Example 5 An example of a parity-obstructed property (supplied by Zeb Brady) that does not come from two-colourability: we let ${P( l_{\{1,2\}}, l_{\{1,3\}}, l_{\{1,4\}}, l_{\{2,3\}}, l_{\{2,4\}}, l_{\{3,4\}} )}$ be the property that ${l_{A_1},\dots,l_{A_r}}$ are prime for some collection ${A_1,\dots,A_r}$ of pair sets that cover ${\{1,\dots,4\}}$. For instance, this property holds if ${l_{\{1,2\}}, l_{\{3,4\}}}$ are both prime, or if ${l_{\{1,2\}}, l_{\{1,3\}}, l_{\{1,4\}}}$ are all prime, but not if ${l_{\{1,2\}}, l_{\{1,3\}}, l_{\{2,3\}}}$ are the only primes. An example of a forbidden sign pattern is the pattern where ${\{1,2\}, \{2,3\}, \{1,3\}}$ are given the sign ${-1}$, and the other three pairs are given ${+1}$. Averaging over permutations of ${1,2,3,4}$ we see that zero lies in the convex hull, and so this example is blocked by parity. However, there is no sign pattern such that it and its negation are both forbidden, which is another formulation of two-colourability.

Of course, the absence of a parity obstruction does not automatically mean that the desired claim is true. For instance, given an admissible ${5}$-tuple ${h_1,\dots,h_5}$, parity obstructions do not prevent one from establishing the existence of infinitely many ${n}$ such that at least three of ${n+h_1,\dots,n+h_5}$ are prime, however we are not yet able to actually establish this, even assuming strong sieve-theoretic hypotheses such as the generalised Elliott-Halberstam hypothesis. (However, the argument giving (4) does easily give the far weaker claim that there exist infinitely many ${n}$ such that at least three of ${n+h_1,\dots,n+h_5}$ have a Liouville function of ${-1}$.)

Remark 1 Another way to get past the parity problem in some cases is to take advantage of linear forms that are constant multiples of each other (which correlates the Liouville functions to each other).
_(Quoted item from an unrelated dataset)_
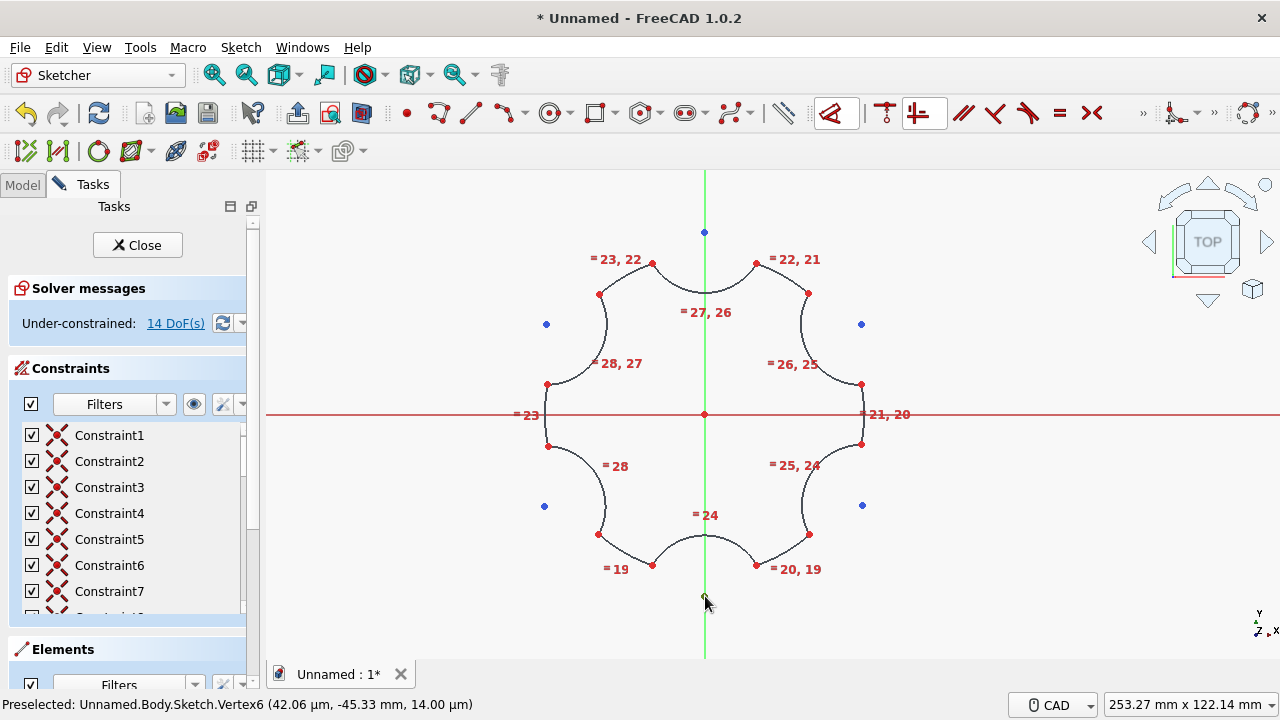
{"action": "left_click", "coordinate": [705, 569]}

For instance, on GEH we can find two ${E_3}$ numbers (products of exactly three primes) that differ by exactly ${60}$; a direct sieve approach using the linear forms ${n,n+60}$ fails due to the parity obstruction, but instead one can first find ${n}$ such that two of ${n,n+4,n+10}$ are prime, and then among the pairs of linear forms ${(15n,15n+60)}$, ${(6n,6n+60)}$, ${(10n+40,10n+100)}$ one can find a pair of ${E_3}$ numbers that differ by exactly ${60}$. See this paper of Goldston, Graham, Pintz, and Yildirim for more examples of this type.

I thank John Friedlander and Sid Graham for helpful discussions and encouragement.